Families

Enjoy listening or reading aloud? Try these children’s stories

Do you remember what it felt like when your mom or dad read a story to you? I do. That feeling of being transported to another world, eyes wide open, seeing the story as if on a movie screen in my head. Somehow understanding the story, even if I didn’t yet have the words.

Even now, as an adult, when I visit a storytime and hear a librarian reading a book to a group of children, I’m captured by the story, the rhythm of language, the sound of turning pages and the beautiful illustrations. They pull me in and give me a glimpse of another world.

I love to watch the adults at storytimes, too. We never really outgrow the joy of listening to someone read to us. Share that joy with someone in your life. Check out the books below, recommended by Whatcom County Library System’s Early Learning Coordinator Theresa Morrison and Children’s Services Coordinator Tammy LaPlante. Reserve them online at Whatcom County Library System or Bellingham Public Library, pick them up at your nearest public library, and go exploring.

“Grains of Sand” written and illustrated by Sibylle Delacroix (France)

A young girl and her toddler brother have just returned from a vacation at the beach. All they have left are their memories and a shoe full of sand. What would happen if they planted the sand? Delacroix uses only four colors to create a magical world where summer doesn’t have to end. For toddlers and preschoolers.

“Grandma’s Tiny House: A Counting Story” by JaNay Brown-Wood (California), Illustrated by Priscilla Burris (California)

Grandma’s house is always the best place for a family gathering, but her house is tiny and the family is growing. Will they all fit? Count along as cousins, aunts, uncles and friends bring delicious treats to the party. How can the tiny house accommodate all this fun? For toddlers and preschoolers.

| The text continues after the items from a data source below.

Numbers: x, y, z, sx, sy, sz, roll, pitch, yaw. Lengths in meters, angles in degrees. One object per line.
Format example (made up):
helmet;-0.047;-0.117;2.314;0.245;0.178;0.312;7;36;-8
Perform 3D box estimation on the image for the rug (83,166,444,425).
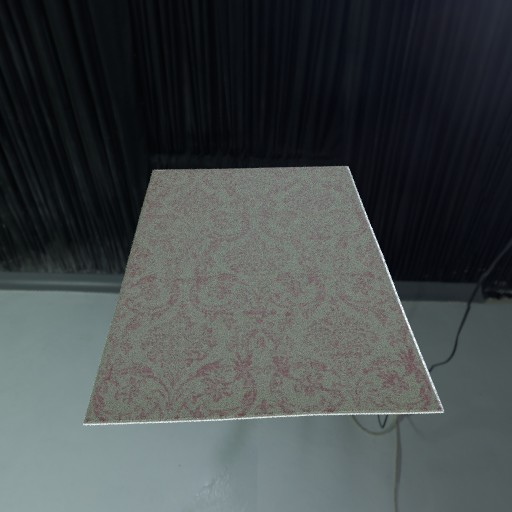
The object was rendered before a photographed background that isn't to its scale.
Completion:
rug;0.000;0.000;2.789;1.598;0.014;2.202;-1;41;-2
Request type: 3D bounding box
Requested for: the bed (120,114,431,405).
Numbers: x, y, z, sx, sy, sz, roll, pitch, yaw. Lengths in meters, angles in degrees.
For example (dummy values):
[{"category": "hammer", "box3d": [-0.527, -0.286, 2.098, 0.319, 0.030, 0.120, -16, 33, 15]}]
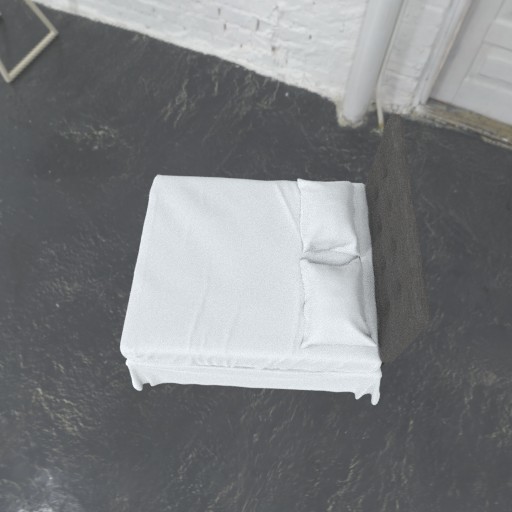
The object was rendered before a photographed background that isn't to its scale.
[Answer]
[{"category": "bed", "box3d": [0.000, 0.000, 3.563, 2.222, 1.577, 1.936, 3, 61, 1]}]
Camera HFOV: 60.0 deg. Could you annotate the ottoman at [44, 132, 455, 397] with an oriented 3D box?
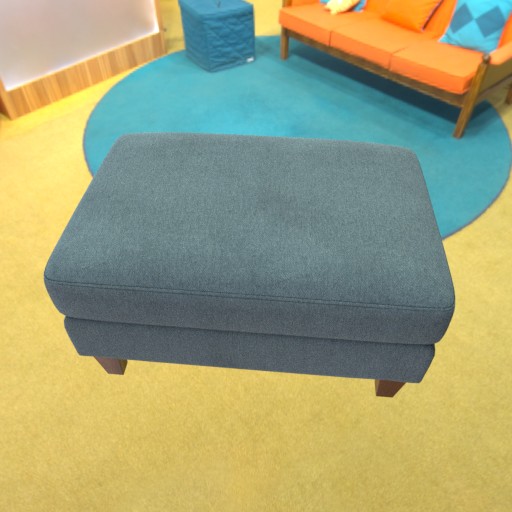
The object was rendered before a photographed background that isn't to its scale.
[{"bbox_3d":[0.000,0.000,1.193,0.864,0.483,0.584,4,47,4],"label":"ottoman"}]
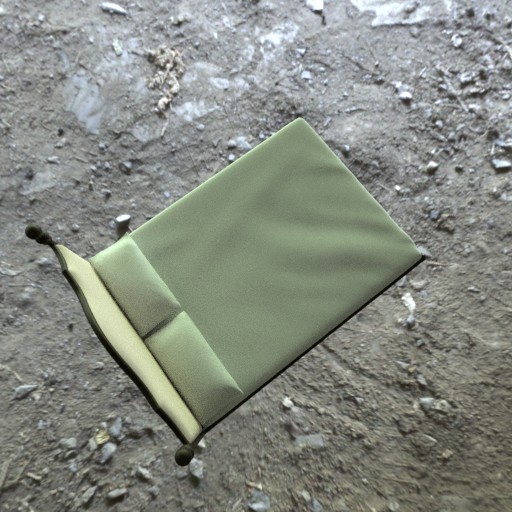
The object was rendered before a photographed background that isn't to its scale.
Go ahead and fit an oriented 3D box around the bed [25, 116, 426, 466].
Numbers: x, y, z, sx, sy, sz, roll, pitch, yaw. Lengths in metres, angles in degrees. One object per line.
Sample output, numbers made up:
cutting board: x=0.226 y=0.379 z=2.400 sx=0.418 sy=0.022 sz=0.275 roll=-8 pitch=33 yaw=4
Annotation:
bed: x=0.000 y=0.000 z=3.306 sx=2.224 sy=1.499 sz=1.642 roll=-36 pitch=79 yaw=-8
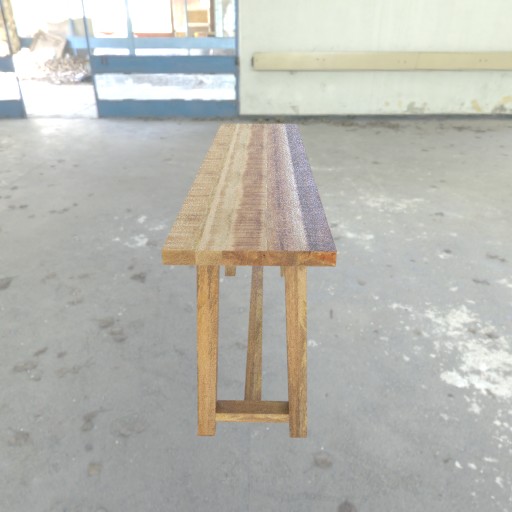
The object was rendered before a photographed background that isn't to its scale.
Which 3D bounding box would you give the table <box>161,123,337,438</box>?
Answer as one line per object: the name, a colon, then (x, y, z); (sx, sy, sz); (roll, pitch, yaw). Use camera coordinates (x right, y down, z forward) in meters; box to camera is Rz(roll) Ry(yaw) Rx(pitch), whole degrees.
table: (0.000, 0.000, 1.882); (0.405, 0.810, 1.524); (1, 27, 1)
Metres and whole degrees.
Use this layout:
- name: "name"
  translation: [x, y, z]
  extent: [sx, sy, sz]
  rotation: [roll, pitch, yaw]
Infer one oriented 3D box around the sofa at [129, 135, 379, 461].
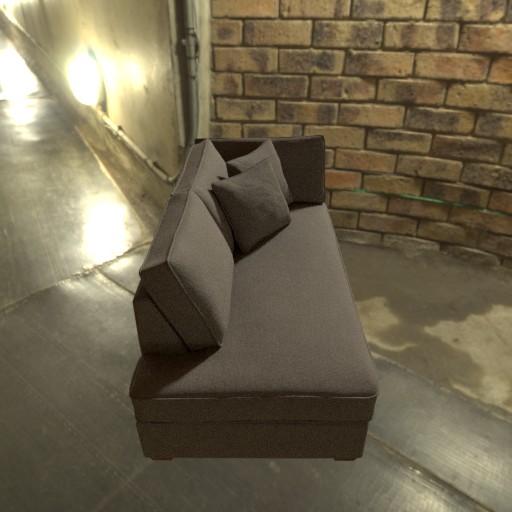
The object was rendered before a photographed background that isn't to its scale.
- name: "sofa"
  translation: [0.000, 0.000, 2.802]
  extent: [1.110, 1.033, 2.237]
  rotation: [0, 33, 0]
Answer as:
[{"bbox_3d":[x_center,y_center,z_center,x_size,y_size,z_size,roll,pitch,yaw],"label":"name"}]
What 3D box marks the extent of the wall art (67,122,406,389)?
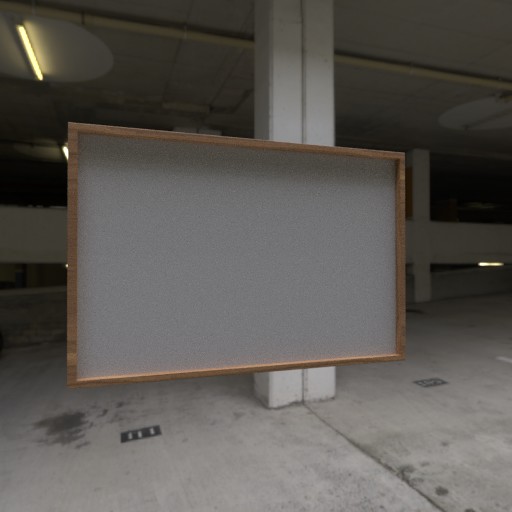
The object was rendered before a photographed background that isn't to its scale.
[{"bbox_3d":[0.000,0.000,0.771,0.604,0.402,0.018,0,-1,-18],"label":"wall art"}]
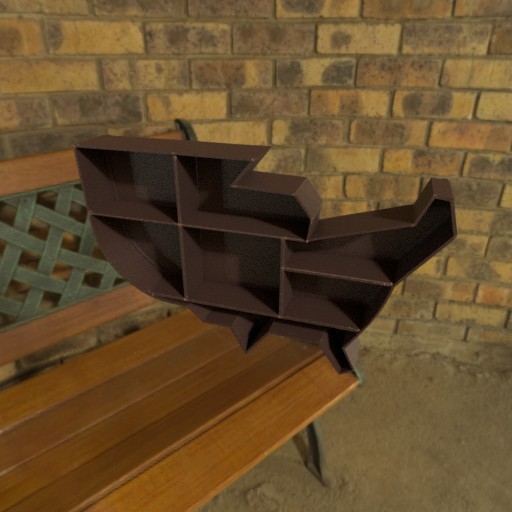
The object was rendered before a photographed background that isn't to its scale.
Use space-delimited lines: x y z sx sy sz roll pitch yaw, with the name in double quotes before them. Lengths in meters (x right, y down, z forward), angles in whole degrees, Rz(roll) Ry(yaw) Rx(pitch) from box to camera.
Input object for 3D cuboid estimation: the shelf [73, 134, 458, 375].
"shelf" 0.000 0.000 0.926 0.729 0.439 0.112 8 28 16
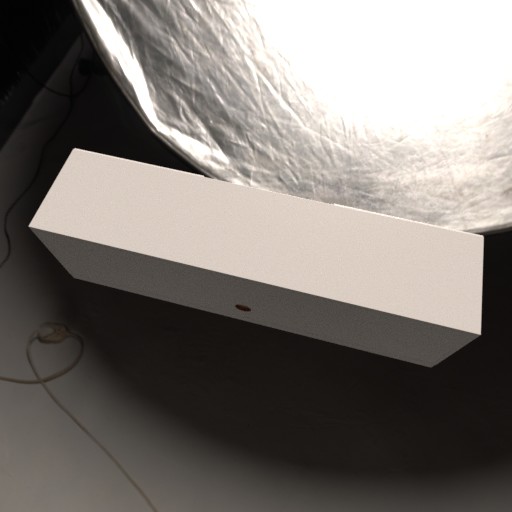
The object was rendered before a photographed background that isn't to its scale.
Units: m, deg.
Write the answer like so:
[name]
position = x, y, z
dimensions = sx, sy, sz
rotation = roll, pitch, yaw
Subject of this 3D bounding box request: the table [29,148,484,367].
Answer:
[table]
position = 0.000, 0.000, 1.752
dimensions = 1.550, 0.440, 0.400
rotation = 13, 63, 7
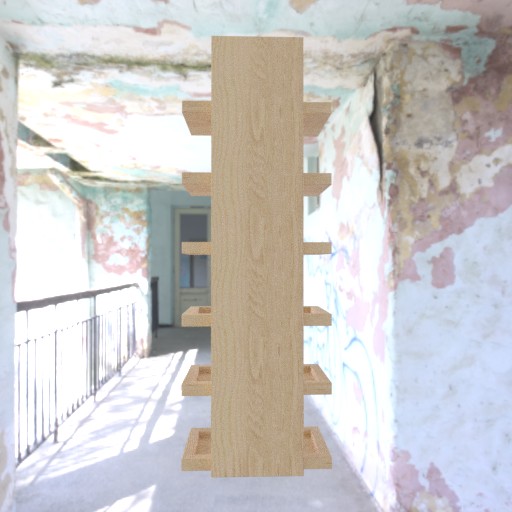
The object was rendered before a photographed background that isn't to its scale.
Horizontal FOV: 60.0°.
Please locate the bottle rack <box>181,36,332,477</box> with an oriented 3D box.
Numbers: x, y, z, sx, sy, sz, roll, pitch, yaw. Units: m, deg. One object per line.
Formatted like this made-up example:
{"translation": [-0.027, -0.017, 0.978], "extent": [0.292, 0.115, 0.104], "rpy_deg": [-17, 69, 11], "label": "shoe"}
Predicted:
{"translation": [0.000, 0.000, 1.053], "extent": [0.330, 0.943, 0.206], "rpy_deg": [0, -1, -2], "label": "bottle rack"}

“That’s My Book! And Other Stories” written and illustrated by Salina Yoon (South Korea)

This new beginning reader series (“Duck, Duck, Porcupine”) stars three characters: Duck (the older sister) Porcupine (her best friend), and Little Duck (the little brother). Charming tales with adorable illustrations show friends and siblings bringing out one another’s best qualities and appreciating the world around them. For grades K-2.

“My Awesome Summer by P. Mantis” written and illustrated by Paul Meisel

“Diary entries” from a praying mantis cover everything from birth on May 17 to a farewell entry on Oct. 17 and all of the hunting, eating, hiding and growing in between. Beautiful, detailed illustration help us to see the amazing hunters who live under our noses for a whole summer – usually without our notice. For grades K-3.

“This Is How We Do It: One Day in the Lives of Seven Kids from around the World” by Matt Lamothe

Meet seven real kids from Italy, Japan, Iran, India, Peru, Uganda, and Russia. See how they play, the homes they live in, the foods they eat, where they go to school, and much more. While kids across the globe may play different games and eat different foods, their daily routines are very much the same. For grades K-3.

“Dragons and Marshmallows” by Asia Citro (Zoey and Sassafras #1)

Science and magic come together in this charming series debut. Zoey can see magical creatures, and when a sick baby dragon shows up, she and her cat, Sassafras, are there to help. Zoey puts on her Thinking Goggles, and employs the scientific method to figure out what to do. Will she succeed before it’s too late? For grades 1-3.

“Don’t Read This Book Before Bed: Thrills, Chills and Hauntingly True Stories” by Anna Claybourne

If you like scary things, this book has it all, and it’s all true. Ghosts, bloodsucking bats, a fungus that turns ants into zombies, the real Dracula and Mongolian Death Worms are just some of the topics in this hair-raising book. Seriously, don’t read this before bed. For grades 4-6.

“Restart” by Gordon Korman

An accident leaves 13-year-old Chase with no memory of himself, his family, or his friends. When he returns to school in the fall, the ways his classmates react to him make it apparent that the old Chase was not a nice person. The new Chase isn’t like that at all. Can a bully really change? For grades 4-7.

Lizz Roberts is the community relations coordinator for the Whatcom County Library System.